You can see in the video above (19:50 begins the offending part) that the guy doing it clearly had turbo on to get through (I do not have a turbo controller) and even he gets hit, and that's with a rather low turnout of those mummy things on the 2nd part (I've had nearly 2x as many in some attempts, as it is randomized). I actually DID manage to get past this bit once, but then there's another goddamn "jump the arrows" sequence followed by a "jump in between the fireballs" part that did me in. I was one measly jump away from getting to the final boss (which, per this video, has a spot where you can apparently stand and never get hit!) but after failing yet again I didn't have the heart to go through the level again. I accepted defeat and watched the hilariously overlong text ending on the walkthrough video (it's how/why I found it in the first place - there's nothing in the game that would require you to seek assistance), figuring I came close enough. Besides, there are no Achievement points on the Sega Genesis, so I could just SAY I beat it and who'd know the difference anyway?

So it's a pretty generic side-scroller, one that can be completed in a little over 20 minutes, time that's never used for a single interesting idea or gameplay mechanic (beyond the HP vs lives thing). And it barely even functions as an adaptation of a movie - why you assume the role of Harker for the entire game instead of Van Helsing** is anyone's guess, and none of the other characters show up - no 16-bit Winona Ryder to enjoy.  Books are used to introduce each level, but they don't offer anything that could be described as a "story", it's just the name of the level (i.e. "The Journey to Civilisation") and nothing else. I'm not even sure if it's established that you're Harker, I'm just assuming since the movie/book starts with him and he is the usual hero (even though, as anyone can tell you, his significance is reduced as the story goes on). 

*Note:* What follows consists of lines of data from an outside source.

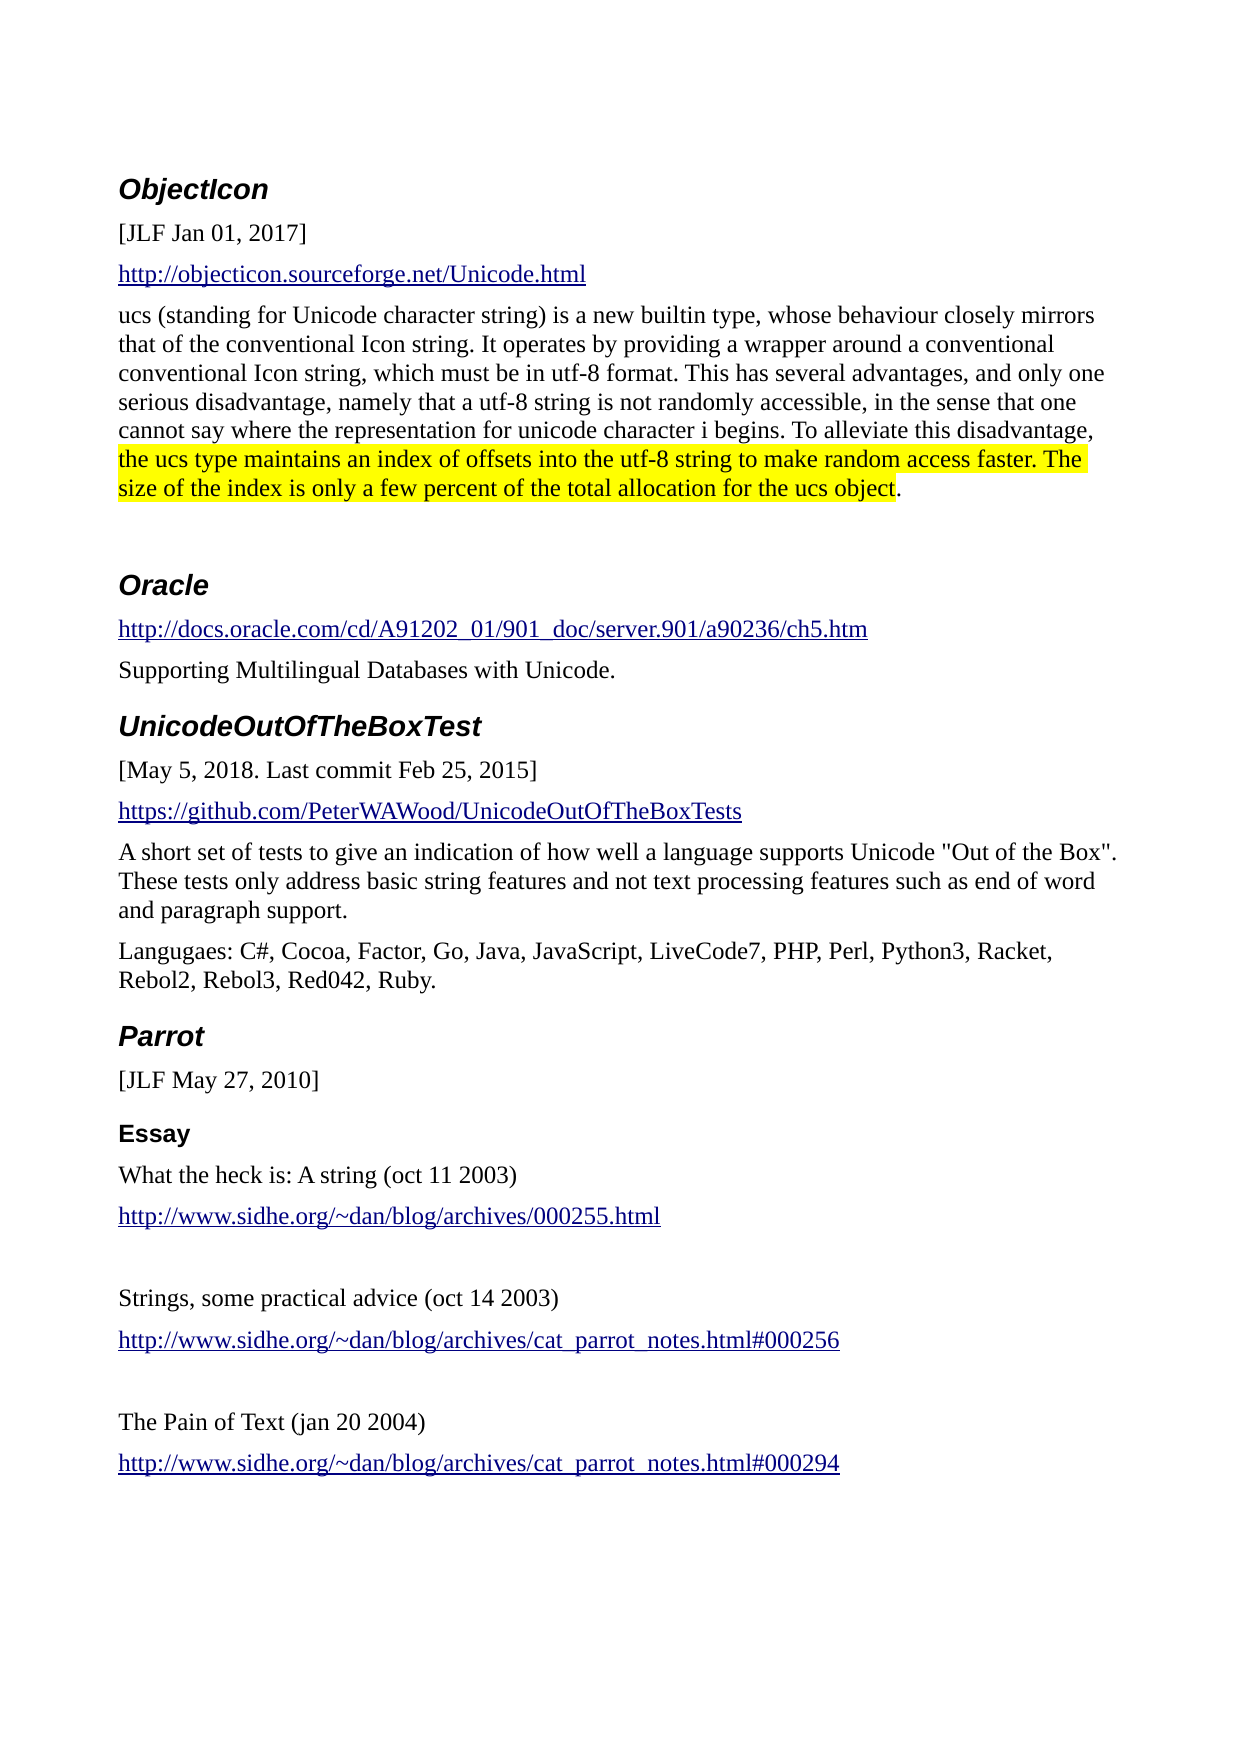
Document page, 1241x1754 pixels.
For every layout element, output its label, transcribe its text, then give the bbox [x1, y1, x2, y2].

text ucs (standing for Unicode character string) is a new builtin type, whose behaviour closely mirrors that of the conventional Icon string. It operates by providing a wrapper around a conventional conventional Icon string, which must be in utf-8 format. This has several advantages, and only one serious disadvantage, namely that a utf-8 string is not randomly accessible, in the sense that one cannot say where the representation for unicode character i begins. To alleviate this disadvantage, the ucs type maintains an index of offsets into the utf-8 string to make random access faster. The size of the index is only a few percent of the total allocation for the ucs object. [118, 300, 1122, 502]
text http://objecticon.sourceforge.net/Unicode.html [118, 259, 1122, 288]
text What the heck is: A string (oct 11 2003) [118, 1160, 1122, 1188]
subtitle ObjectIcon [118, 172, 1122, 205]
text Strings, some practical advice (oct 14 2003) [118, 1283, 1122, 1312]
text http://www.sidhe.org/~dan/blog/archives/cat_parrot_notes.html#000294 [118, 1448, 1122, 1477]
subtitle Oracle [118, 568, 1122, 601]
text The Pain of Text (jan 20 2004) [118, 1407, 1122, 1436]
text Langugaes: C#, Cocoa, Factor, Go, Java, JavaScript, LiveCode7, PHP, Perl, Python3, Racket, Rebol2, Rebol3, Red042, Ruby. [118, 936, 1122, 994]
text A short set of tests to give an indication of how well a language supports Unicode "Out of the Box". These tests only address basic string features and not text processing features such as end of word and paragraph support. [118, 837, 1122, 924]
text Supporting Multilingual Databases with Unicode. [118, 655, 1122, 684]
text http://docs.oracle.com/cd/A91202_01/901_doc/server.901/a90236/ch5.htm [118, 614, 1122, 643]
text http://www.sidhe.org/~dan/blog/archives/cat_parrot_notes.html#000256 [118, 1325, 1122, 1353]
subtitle Parrot [118, 1019, 1122, 1052]
text [JLF Jan 01, 2017] [118, 218, 1122, 247]
text http://www.sidhe.org/~dan/blog/archives/000255.html [118, 1201, 1122, 1230]
text [May 5, 2018. Last commit Feb 25, 2015] [118, 755, 1122, 784]
text https://github.com/PeterWAWood/UnicodeOutOfTheBoxTests [118, 796, 1122, 825]
text [JLF May 27, 2010] [118, 1065, 1122, 1093]
subtitle Essay [118, 1118, 1122, 1147]
subtitle UnicodeOutOfTheBoxTest [118, 709, 1122, 742]

The Frankenstein game did a pretty good job of keeping you up to speed with what was going on, but if you hadn't read Stoker's book or seen Coppola's movie you'd probably walk away thinking it was about an acrobat who seeks advice from an immobile man while fighting spiders and zombies (yep) with his trademark sword. Basically, it FEELS like something that was rushed out to meet the theatrical release date, where it should be setting a high bar for such things given that they had almost another year to deliver. Hit detection, control, etc are all fine (my missed jumps were due to my own lack of skill, not their sloppiness), but I'll take some slippery controls if it meant they were hampering an otherwise exciting and novel game. Great music though, I'll give it that much.

Maybe one of the other versions is better, or maybe this is sadly the best of the lot. It seems the Sega CD one is certainly LONGER; 20 minutes seems more in line with an NES game than the 16-bit era usually offered.  Then again, the game is kind of tedious as it is so I doubt extending its runtime with another level or two would make the experience any more satisfying.  While it's more polished overall I am stunned that it's "not as good as" the (not-great) Frankenstein game, however, and since Coppola's movie plays up the tragic romance aspect I can't help but wonder why they didn't just make Dracula the protagonist.  Especially when the game came along so long after the movie - everyone hated Reeves!  Why surround a game on the least-loved character?  Who wouldn't want to see what Gary Oldman's butt-hair looked like in 16-bit graphics?  This one was just a big missed opportunity.

*I know I said that would be the next one, but I guess it's relatively long for such things, and tough - two things that are keeping me at bay given my baby-mandated lack of time to play these things. So I'll try to get to it next, but don't be surprised if it's a ways off, especially when -

** I recently found that a game based on that 2004 piece of shit exists. I may have to make that my next one.